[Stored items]
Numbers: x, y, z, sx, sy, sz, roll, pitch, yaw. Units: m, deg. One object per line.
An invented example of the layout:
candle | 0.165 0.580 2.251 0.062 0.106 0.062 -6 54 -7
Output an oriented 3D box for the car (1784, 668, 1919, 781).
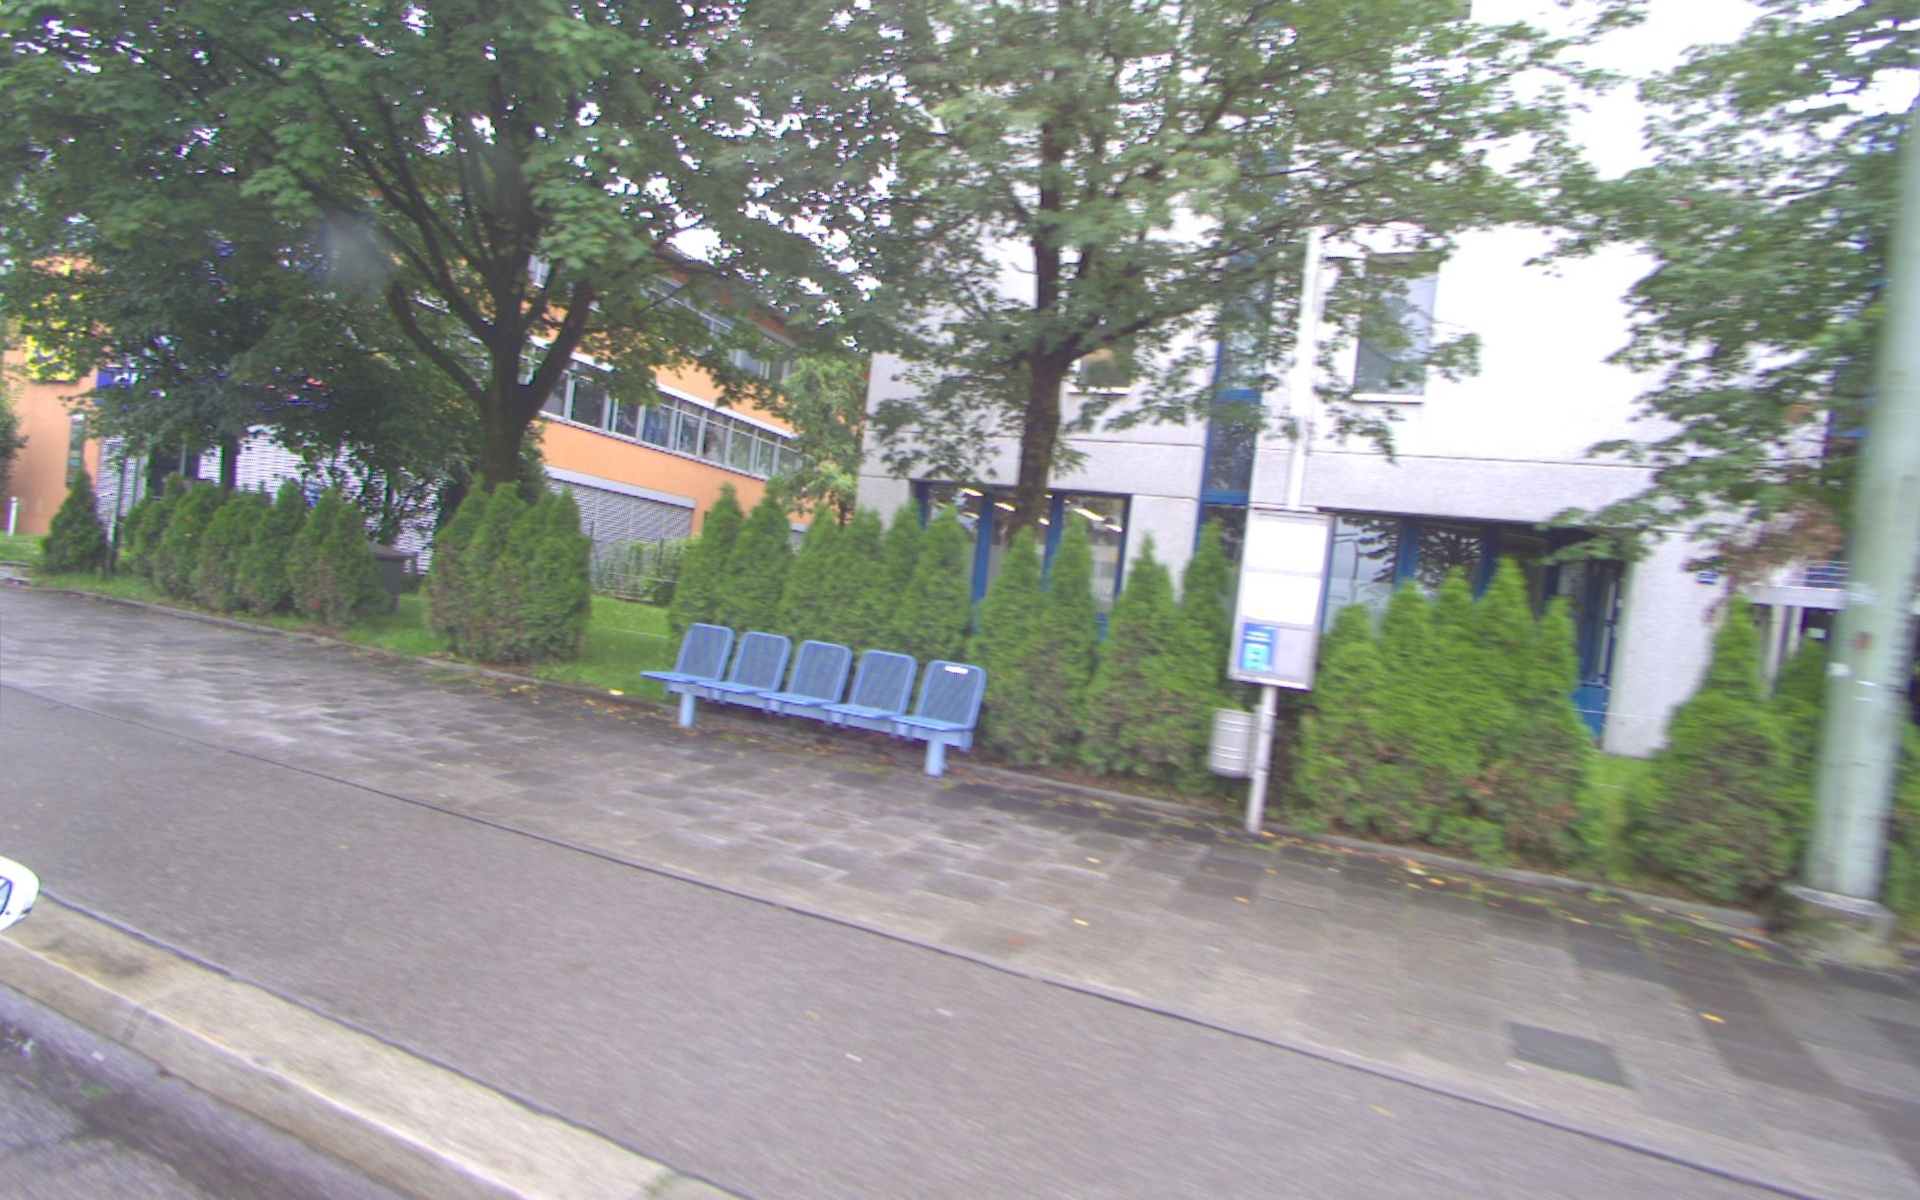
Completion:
car | 14.929 1.991 16.577 1.843 1.437 4.155 8 1 41

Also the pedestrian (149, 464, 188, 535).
pedestrian | -20.516 -2.592 26.071 0.655 1.734 0.654 4 3 -42

HOW TO COMPLETE THIS TASK:
Return all records verbatim and drop the pictures.

RESULT:
Numbers: x, y, z, sx, sy, sz, roll, pitch, yaw. Units: m, deg. One object per line.
An invented example of the layout:
candle | 0.165 0.580 2.251 0.062 0.106 0.062 -6 54 -7
Output an oriented 3D box for the car (1784, 668, 1919, 781).
Completion:
car | 14.929 1.991 16.577 1.843 1.437 4.155 8 1 41

Also the pedestrian (149, 464, 188, 535).
pedestrian | -20.516 -2.592 26.071 0.655 1.734 0.654 4 3 -42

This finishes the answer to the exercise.